Having worked at a few newspapers and magazines doing music and entertainment features, I can assure you that the bands who get space on the page aren't always the most talented. When writers are on deadline, when things are tight, what they want is a well-produced press kit with printable pictures.

Diamond is not going to sell your book. Your LCS, no matter how much they like you, is not going to sell that many copies of your book. It's a direct market. No one knows about you, and no one cares. They might care, but you have to give them the chance. It's up to you, the creator, to spread the word beyond a few message board posts (not that those hurt) and a flyer or two. A shocking number of media outlets will run a story on your work, even if it's only a blurb, if you send them a free copy complete with a decent photograph and a nice press kit. If it's a busy day, they just might rewrite your own press materials a bit and send it on to the editor. You now have exposure. Try to look good.

Your product should be pretty enough to fuck. This is the intrinsic beauty of a printed medium. You can be a sour, bizarre-looking, unkempt crackpot (God knows I am), but so long as your product is slick and appealing, you've taken care of the aesthetics issue. Feel free to let yourself go to utter shit, but tart your product up, gloss it to a high sheen.

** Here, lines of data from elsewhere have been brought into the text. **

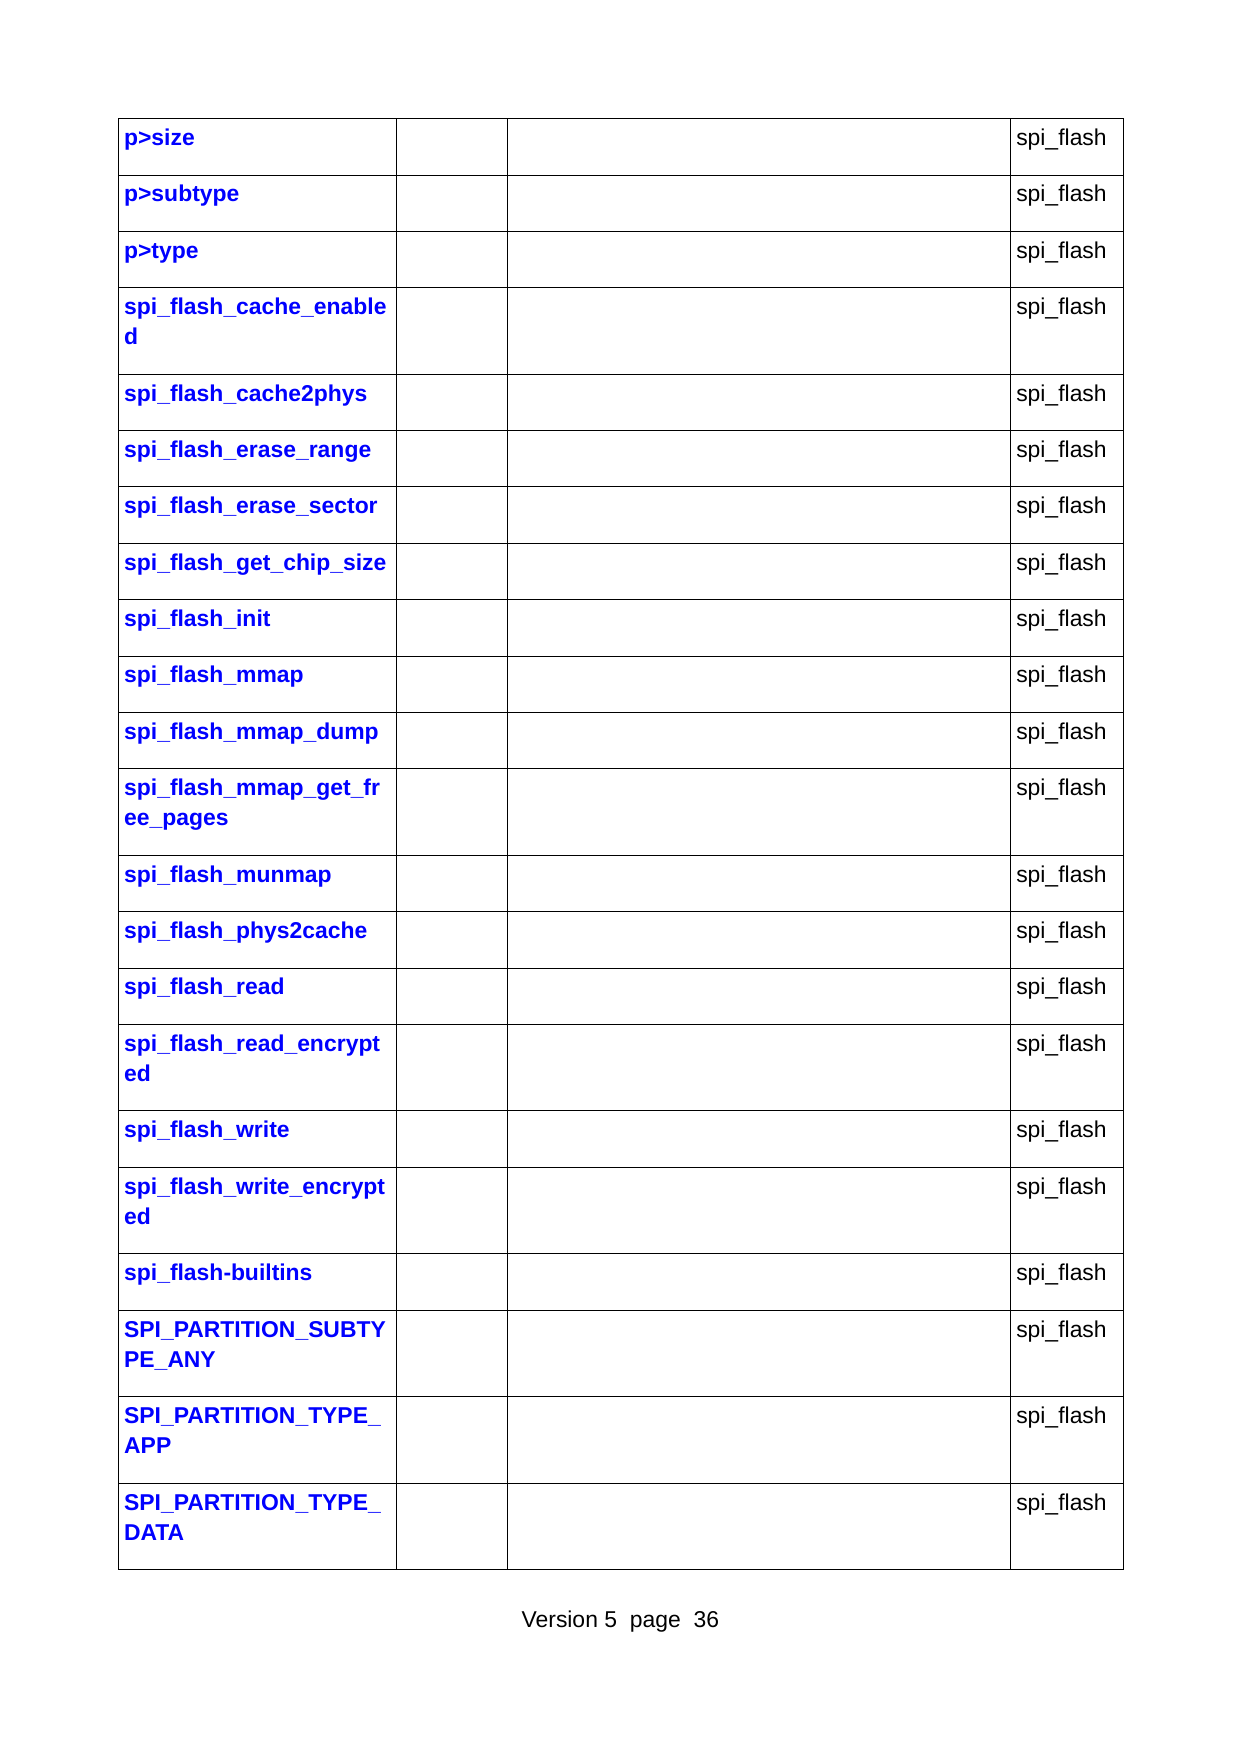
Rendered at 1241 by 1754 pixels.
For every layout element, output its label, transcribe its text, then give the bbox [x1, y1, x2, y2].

table_cell spi_flash_cache2phys [119, 375, 396, 430]
table_cell spi_flash [1011, 856, 1123, 911]
table_cell spi_flash_mmap [119, 657, 396, 712]
table_cell spi_flash [1011, 176, 1123, 231]
table_cell [397, 1254, 507, 1310]
table_cell [397, 657, 507, 712]
table_cell [508, 1254, 1010, 1310]
table_cell spi_flash [1011, 119, 1123, 174]
table_cell [397, 232, 507, 287]
table_cell spi_flash [1011, 1254, 1123, 1310]
table_cell [397, 713, 507, 768]
table_cell [508, 375, 1010, 430]
table_cell spi_flash_read [119, 969, 396, 1024]
table_cell [508, 1397, 1010, 1483]
table_cell spi_flash [1011, 544, 1123, 599]
table_cell SPI_PARTITION_SUBTYPE_ANY [119, 1311, 396, 1396]
table_cell [397, 769, 507, 855]
table_cell [397, 600, 507, 656]
table_cell spi_flash_phys2cache [119, 912, 396, 967]
table_cell spi_flash_init [119, 600, 396, 656]
table_cell [508, 769, 1010, 855]
table_cell [508, 657, 1010, 712]
table_cell spi_flash_read_encrypted [119, 1025, 396, 1110]
table_cell [508, 912, 1010, 967]
table_cell spi_flash [1011, 487, 1123, 543]
table_cell spi_flash [1011, 232, 1123, 287]
table_cell [508, 856, 1010, 911]
table_cell spi_flash_write [119, 1111, 396, 1167]
table_cell spi_flash [1011, 600, 1123, 656]
table_cell [508, 1168, 1010, 1253]
table_cell [397, 487, 507, 543]
table_cell [508, 713, 1010, 768]
table_cell spi_flash [1011, 657, 1123, 712]
table_cell [508, 288, 1010, 374]
table_cell [397, 1484, 507, 1569]
table_cell [508, 487, 1010, 543]
table_cell spi_flash-builtins [119, 1254, 396, 1310]
table_cell spi_flash [1011, 1168, 1123, 1253]
table_cell [397, 1025, 507, 1110]
table_cell spi_flash [1011, 912, 1123, 967]
table_cell [508, 176, 1010, 231]
table_cell [508, 544, 1010, 599]
table_cell [397, 288, 507, 374]
table_cell spi_flash [1011, 969, 1123, 1024]
table_cell spi_flash_get_chip_size [119, 544, 396, 599]
table_cell [397, 1397, 507, 1483]
table_cell [397, 1111, 507, 1167]
table_cell spi_flash [1011, 375, 1123, 430]
table_cell spi_flash_mmap_get_free_pages [119, 769, 396, 855]
table_cell spi_flash_mmap_dump [119, 713, 396, 768]
table_cell [508, 1484, 1010, 1569]
table_cell [397, 544, 507, 599]
table_cell spi_flash [1011, 1025, 1123, 1110]
table_cell spi_flash_write_encrypted [119, 1168, 396, 1253]
table_cell [397, 912, 507, 967]
table_cell [508, 1025, 1010, 1110]
table_cell p>size [119, 119, 396, 174]
table_cell [508, 600, 1010, 656]
table_cell [397, 1311, 507, 1396]
table_cell spi_flash [1011, 713, 1123, 768]
table_cell SPI_PARTITION_TYPE_DATA [119, 1484, 396, 1569]
table_cell [508, 232, 1010, 287]
table_cell [397, 969, 507, 1024]
table_cell [397, 856, 507, 911]
table_cell [397, 431, 507, 486]
table_cell spi_flash_erase_range [119, 431, 396, 486]
table_cell [508, 119, 1010, 174]
table_cell spi_flash [1011, 769, 1123, 855]
table_cell spi_flash [1011, 1397, 1123, 1483]
table_cell spi_flash_munmap [119, 856, 396, 911]
table_cell p>type [119, 232, 396, 287]
table_cell [508, 431, 1010, 486]
table_cell SPI_PARTITION_TYPE_APP [119, 1397, 396, 1483]
table_cell [508, 1111, 1010, 1167]
table_cell [397, 1168, 507, 1253]
table_cell spi_flash [1011, 1484, 1123, 1569]
table_cell [508, 969, 1010, 1024]
table_cell [508, 1311, 1010, 1396]
table_cell [397, 375, 507, 430]
table_cell spi_flash [1011, 431, 1123, 486]
table_cell [397, 176, 507, 231]
table_cell spi_flash [1011, 1111, 1123, 1167]
table_cell spi_flash_erase_sector [119, 487, 396, 543]
table_cell spi_flash [1011, 1311, 1123, 1396]
table_cell [397, 119, 507, 174]
table_cell spi_flash_cache_enabled [119, 288, 396, 374]
table_cell p>subtype [119, 176, 396, 231]
table_cell spi_flash [1011, 288, 1123, 374]

People do not want ugly. People tend to be rather daft and easily amused. People want flashing lights and dinosaurs. "Oooooh," the people will say. "Sparkly."

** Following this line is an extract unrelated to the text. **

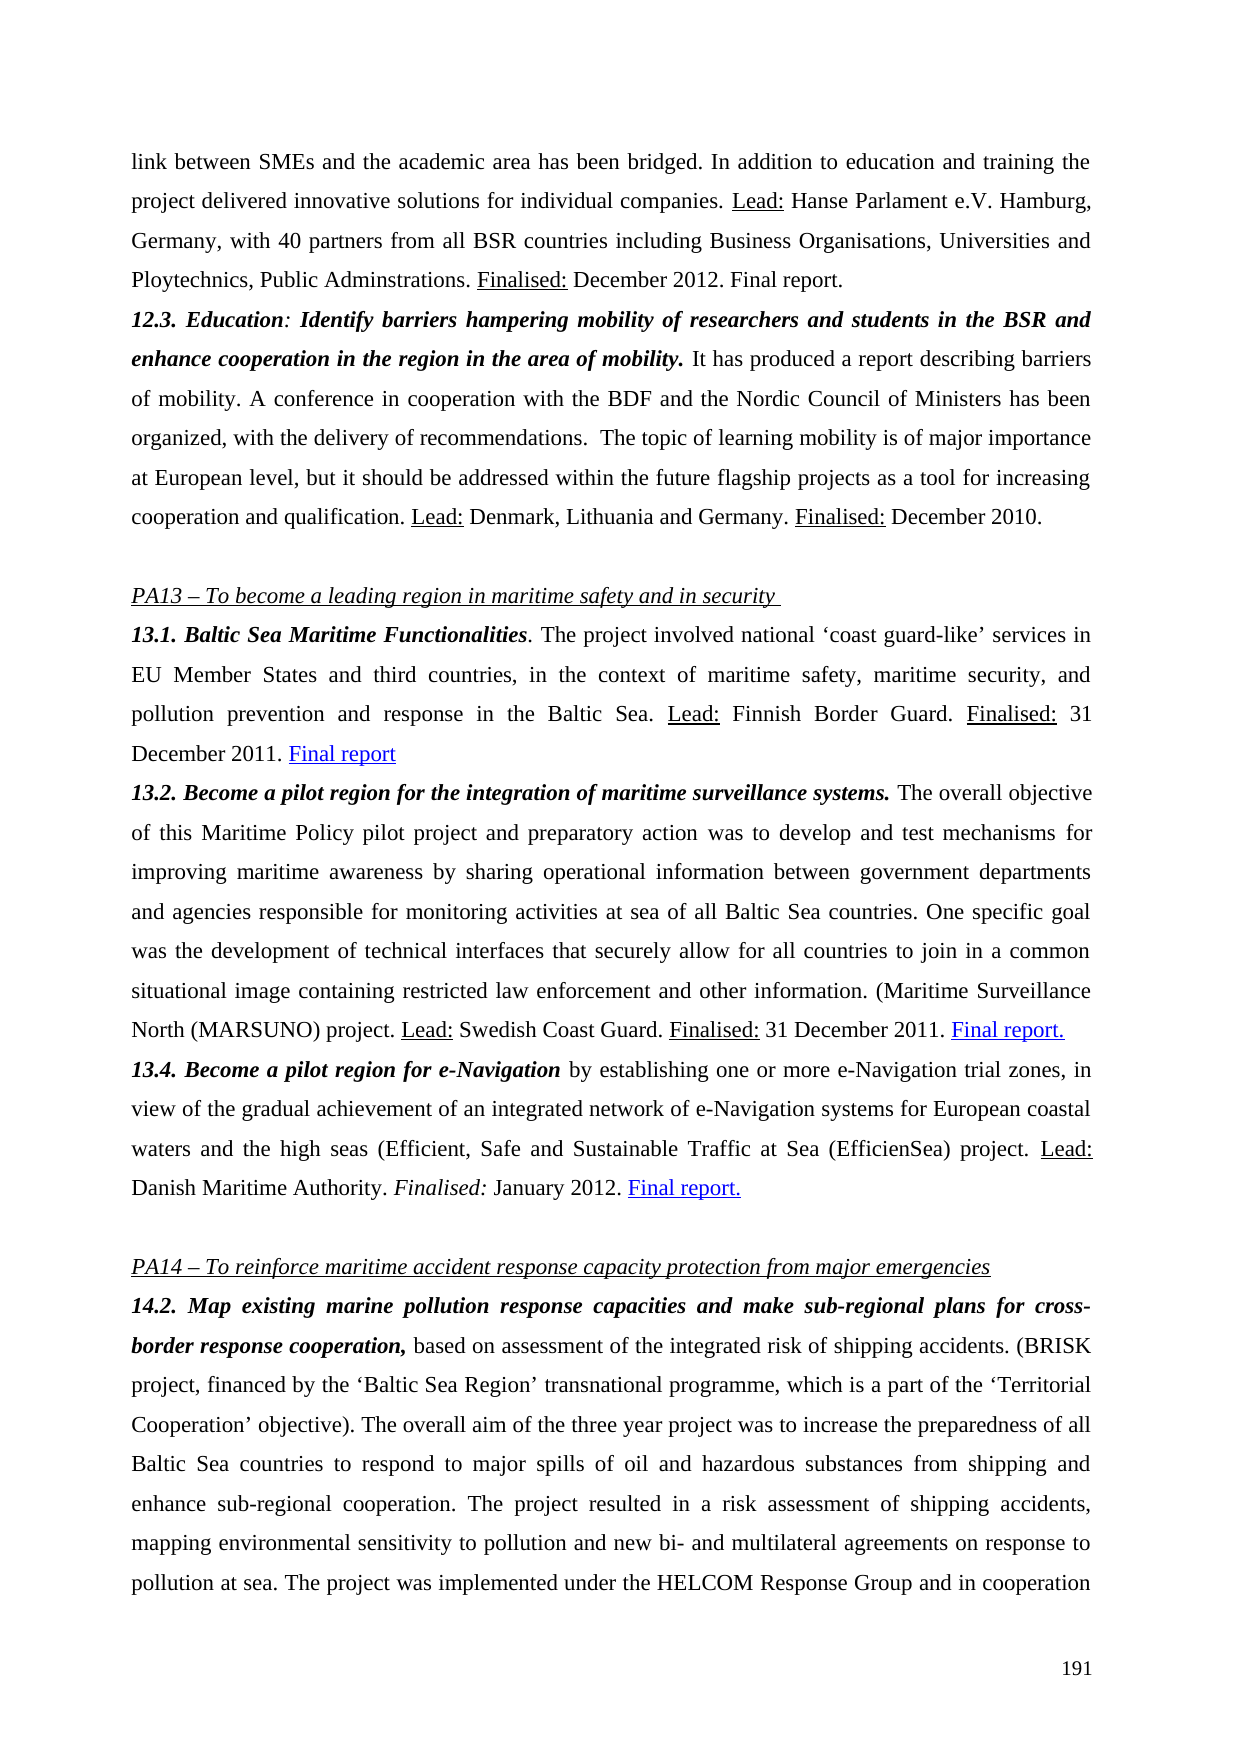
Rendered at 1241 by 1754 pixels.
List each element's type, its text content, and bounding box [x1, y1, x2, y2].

A fine example: writer A. David Lewis has produced two issues of MORTAL COILS, a sort of suspense series with sci-fi overtones. The art is professional looking and the stories aren't half bad. The first issue had its share of kinks, but the second was good, solid work. It's worth the money which, considering the price of comics, is saying something.

But even when Lewis was still getting the hang of writing and self-publishing his own comics, he was already two steps ahead of every other neophyte out there. His book looked excellent. The cover stock was nice; the paper was high-quality. He took the time to get advance pull-quotes for the back of the book from respectable sources. Nothing was misspelled. He contacted press outlets (including SAVANT), sent out copies, double-checked on the status of the review copies and the reviews themselves through friendly E-mails.

Lewis, like too many other comics creators (or, for that matter, bands, prose writers, etc.), did not sit back and expect a reading audience to dig around and uncover his heretofore unknown writing genius, nor did he put out a clunky-looking bit of work with some interesting contents. Anyone picking up a copy of MORTAL COILS, without looking at the publisher's imprint, would not know the difference between it and a book from Dark Horse, or any other respected and established comic book imprint. Perhaps more importantly, anyone who rarely or never reads comics would not pick up the book and immediately put it down because it looks like it was printed in someone's garage.

Like the lady said, nobody likes ugly people.

I'm not proposing a sell-out attitude, here. Write and draw the kind of comics you're compelled to write and draw; the kind of comics you want to read. But why sabotage your efforts by thinking small and relegating yourself to a miniscule readership? You may not want some perky VJ hawking your comic on TRL, but an audience of ten, twenty, or fifty thousand intelligent readers would certainly be preferable to four or five hundred astute aficionados. Like it or not, even plenty of kind, discerning people aren't going to cut your slapdash production effort much slack. People will sit through grainy independent movies and listened to kick-ass local bands in a club with a lousy sound system, but this is comics. This is, for now, the sub-basement. Anyone picking up a comic will have already pushed their innate forgiveness as far as it will go.

Your comic, as an entity unto itself, will be much better received if it has a solid polish and is given a little legwork with the press. Comics in general can always use an image boost. Think big.

Meanwhile, I'll be over here in the corner with my High Life, scowling.